Economic crisis revisited
Economic crisis revisited
The People's Consultative Assembly's (MPR) recommendations for
accelerating economic recovery starts with the bold statement
that the government remains unable to lead the nation out of the
1997 economic crisis.
Politicians then came out with the right diagnosis of the main
causes of the failure, citing policy inconsistency, weak law
enforcement, inadequate security and a political situation that
is not conducive to the concerted efforts to fuel economic
recovery.
There is, however, not much new in the five basic policies the
Assembly recommended, as they are mostly normative policy
directives that have been outlined annually in the state budget.
One of them is, nevertheless, outstandingly fresh and quite
strategic, as it is addressed to the three branches of the
government -- the executive, judiciary and legislature.
The recommendation calls for the straightening out of the
coordination, the scope of responsibility and authority of state
institutions with regards to projects to accelerate economic
recovery.
Not withstanding its low credibility, inefficiency,
incompetence and high venality, the executive branch (government)
seems to always get an unfairly large share of the blame for all
the things that have gone wrong with the management of the
economic crisis.
The blunt reality, though, is that many of the problems that
have hindered the reform measures badly needed to speed up the
recovery, have also been caused by the seemingly over-zealous
House of Representatives, which wants to intervene in virtually
every step of the programs the government is pursuing.
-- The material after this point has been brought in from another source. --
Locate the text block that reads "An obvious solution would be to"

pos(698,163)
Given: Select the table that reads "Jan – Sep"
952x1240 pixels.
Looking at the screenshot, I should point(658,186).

Meddling by the legislature has been so excessive that many
policy measures have remained stuck in delay after delay and have
sometimes been forced to backtrack, thereby causing policy
inconsistency and damaging the government's credibility.
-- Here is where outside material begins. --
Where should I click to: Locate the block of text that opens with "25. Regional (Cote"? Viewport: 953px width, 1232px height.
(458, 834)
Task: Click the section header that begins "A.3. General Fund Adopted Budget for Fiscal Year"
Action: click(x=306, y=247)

We are not suggesting the House be as submissive as its
predecessor during Soeharto's authoritarian rule, which rubber
stamped any proposals from the executive branch. But what we see
now is a legislative branch that has swung from an extremely
subservient posture to an extremely intrusive one with regards to
the exercise of its control.
The House should certainly exercise effective control of the
government to ensure good governance that is both transparent and
accountable. However, this oversight must be done proportionately
under the proper mechanism already in place. Once the annual
budget plan and its programs are approved, the House should no
longer intervene in every deal or move the government makes, as
long as the measures are in line with the budget programs, other
regulations and budgetary procedures.
But what the government is now dealing with is a legislature
that is overly spirited to intervene in every government
transaction.
The judicial branch also seems unaware of its vital role in
helping fuel economic recovery. It does not feel it essential to
give top priority to handling cases specifically related to the
management of the economic crisis, such as those related to bad
debtors, bankruptcy petitions, bad bankers, and other wrongdoings
that have contributed to the crisis.
Worse still, many judges have often meted out entirely
insensible rulings that have not only insulted common sense and
caused legal uncertainty but also jeopardized the effectiveness
of reform measures to restructure the business sector and banking
industry, the core components of the recovery process.
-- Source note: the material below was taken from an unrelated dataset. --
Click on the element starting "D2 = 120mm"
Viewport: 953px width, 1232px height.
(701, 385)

Hopefully, the three branches of the government will seriously
take into account the Assembly's recommendations.
Surprisingly, though, there are two vital elements fatally
missing from the 15 policy measures recommended by the Assembly.
One cannot understand why the Assembly did not mention anything
about the Indonesian Bank Restructuring Agency (IBRA) and state
companies, which are so crucial for a stronger recovery. In fact
IBRA is perhaps the most important policy instrument to cope with
the economic crisis.
It is rather futile to talk about recovery without referring
to the role of IBRA, which is managing more than Rp 600 trillion
(US$66.6 billion) in distressed assets of all the largest banks
in the country, and of the state-company sector that controls
around Rp 772.5 trillion in assets.
It is not an exaggeration to suggest that the recovery process
will never be sustainable, let alone accelerated, without an
effective restructuring of the distressed assets, the banking
industry and the 145 state companies. Many of these public
companies operate in strategic upstream industries and public
utilities that influence the efficiency and competitive advantage
of the entire economy.
Though their glaring absence from the recommendations would
not in anyway negate the vital role of IBRA and state companies,
which have always been central in the reform package under the
International Monetary Fund's extended facility, the Assembly's
specific note of them would have made the recommendations better
directed.
Despite this shortcoming, all in all the Assembly's
recommendations could still serve as a stronger warning to the
three branches of government, rewakening them to the urgency of
the critical economic situation we are now facing.